My wife and I have a pact that if we make it to our 90’s we are going to eat chocolate ice cream three times a day. Such reckless consumption of saturated fats would be quite tasty, even if it hastened our ultimate deaths. It’s a way of trivializing and coping with the stress of a more grave concern – that one day we might have so much pain, disability, incontinence, and dementia that admonitions like eating healthy seem petty and absurd. Plan B, for when the ice cream comes up in a bilious storm of vomit and nausea, is too upsetting to contemplate – yet people are forced to heroically consider it somewhere in the world, each day.
Yesterday the controversy surrounding euthanasia for the terminally ill was thrust into the spotlight after reports that a famous orchestra conductor and his wife ended their lives together.
Sir Edward Downs, past conductor of the BBC Philharmonic Orchestra and of the Royal Opera House in London, and his wife Joan, a choreographer and ballerina suffering from terminal cancer, both ingested a lethal dose of sedative medications and died peacefully alongside one another after 54 years of marriage.
From the New York Times:
The couple’s children said… that last week they accompanied their father, 85, and their mother, Joan, 74, on the flight to Zurich, where the Swiss group Dignitas helped arrange the suicides.

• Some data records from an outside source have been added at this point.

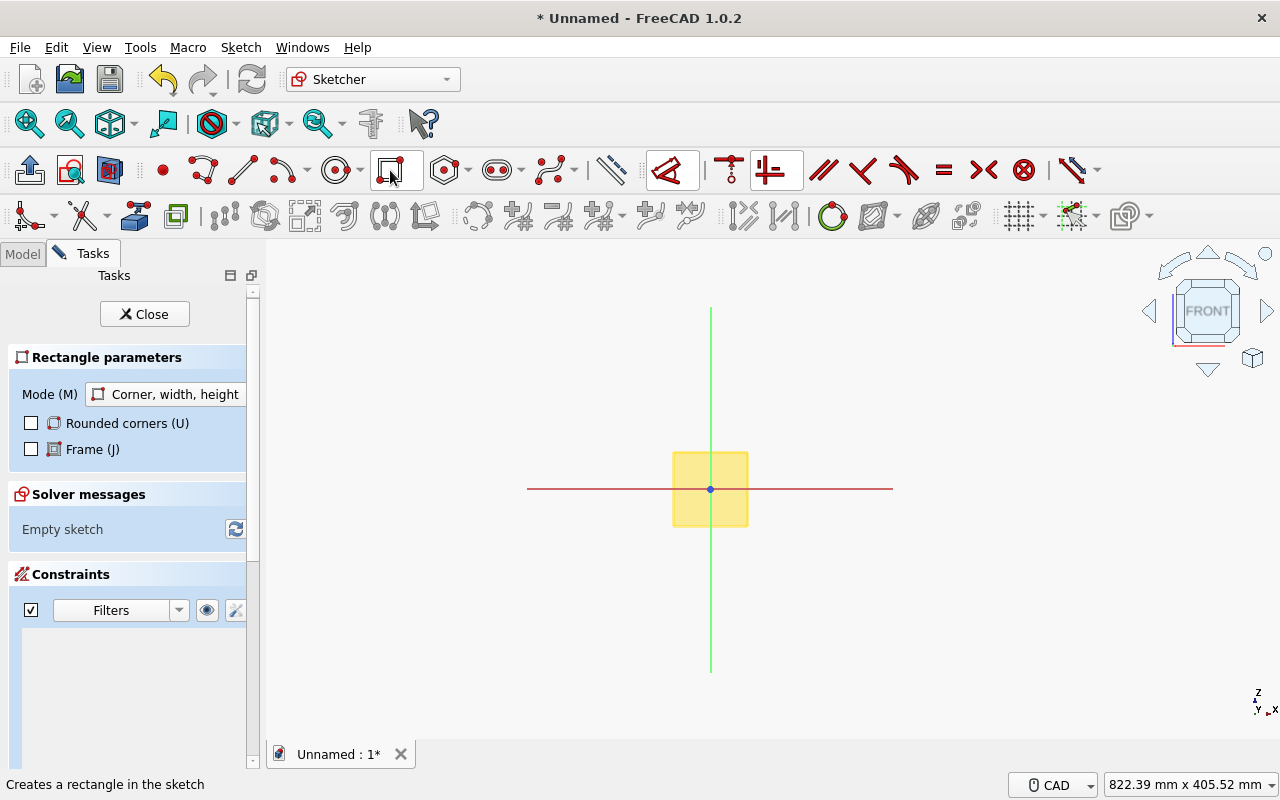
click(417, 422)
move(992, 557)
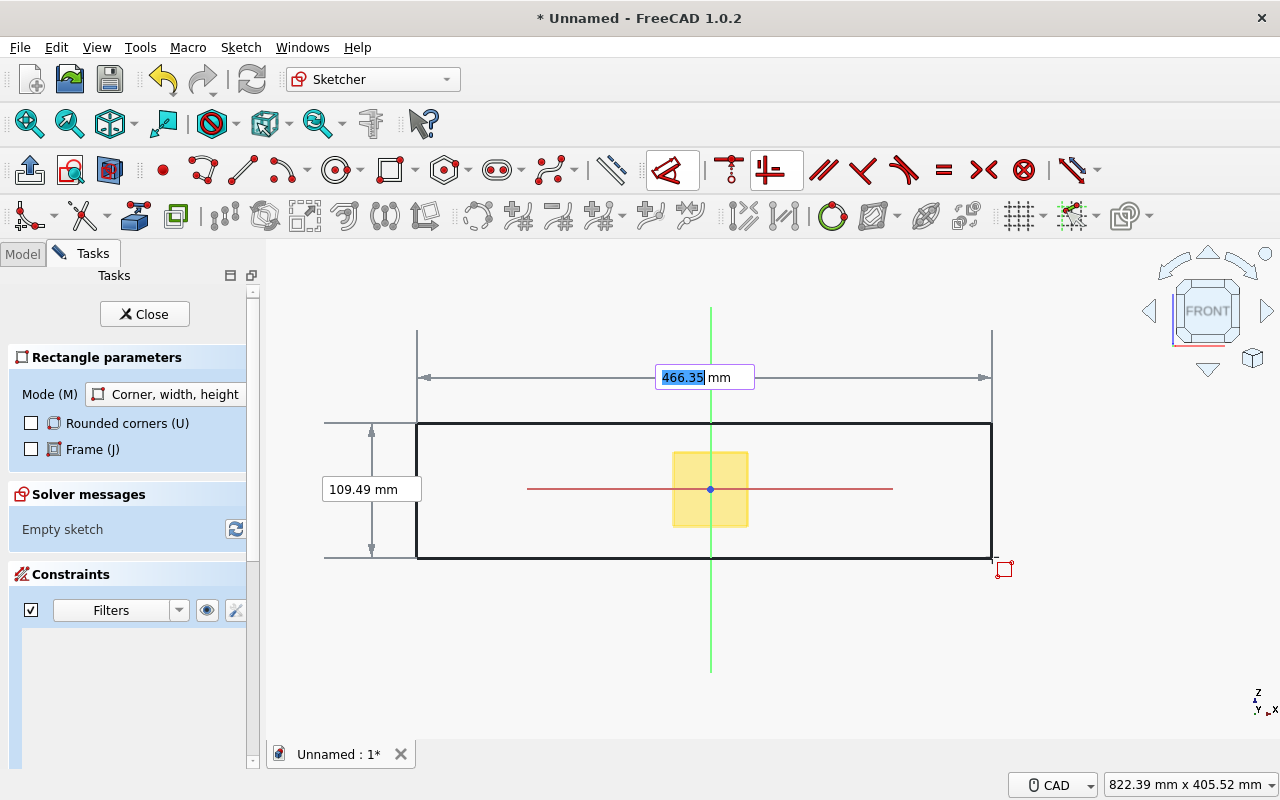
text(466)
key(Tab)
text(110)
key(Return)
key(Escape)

On Friday, the children said, they watched, weeping, as their parents drank “a small quantity of clear liquid” before lying down on adjacent beds, holding hands.
“Within a couple of minutes they were asleep, and died within 10 minutes,” Caractacus Downes, the couple’s 41-year-old son, said in the interview after his return to Britain. “They wanted to be next to each other when they died.” He added, “It is a very civilized way to end your life, and I don’t understand why the legal position in this country doesn’t allow it.”

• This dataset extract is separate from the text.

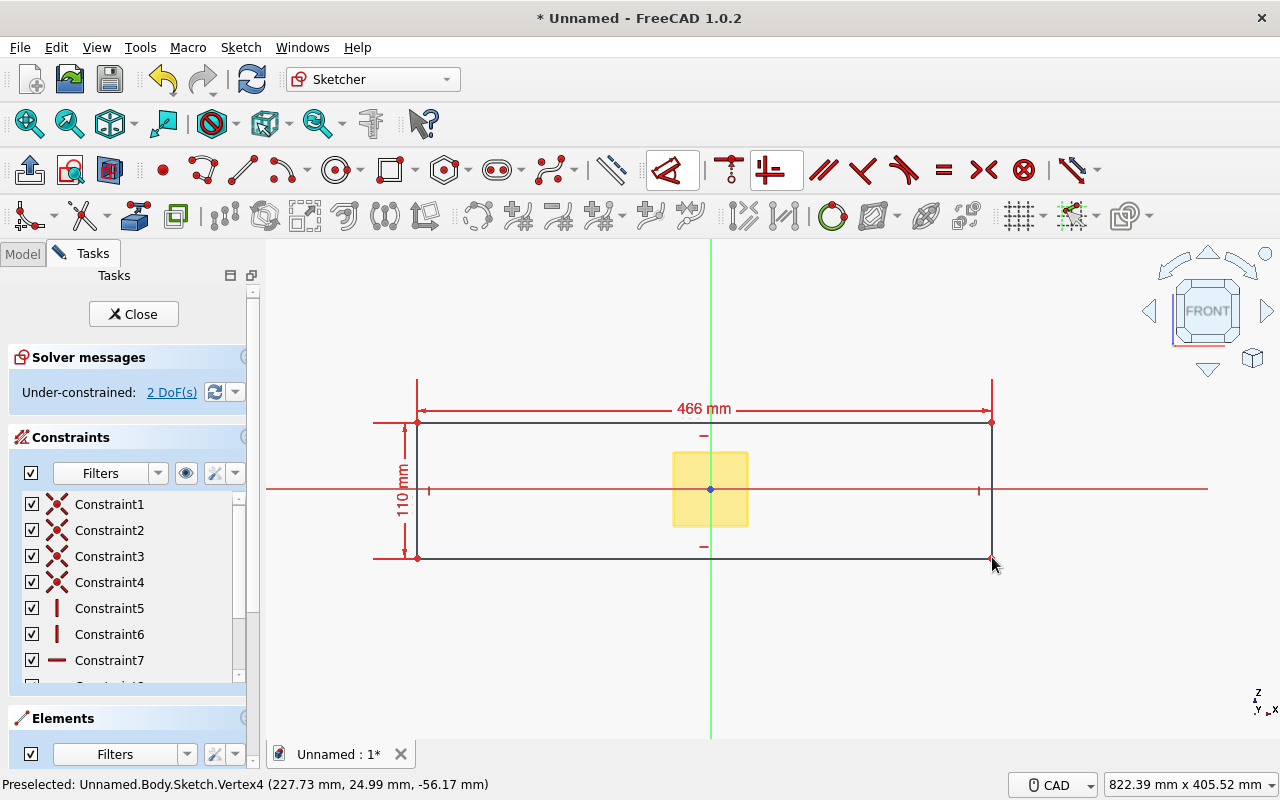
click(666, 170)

There are several layers of controversy in this matter. The most obvious is the notion of assisted suicide for the terminally ill. Should a person suffering from an incurable illness be allowed to end their life? Washington State voters approved a “Death with Dignity” referendum in November, 2008 by a 58 to 41% margin, becoming only the second state in addition to Oregon to allow physician-assisted suicide for the terminally ill. A majority of American’s responded “Yes” in a 2005 Gallup poll, although the specific wording of the question impacted opinions.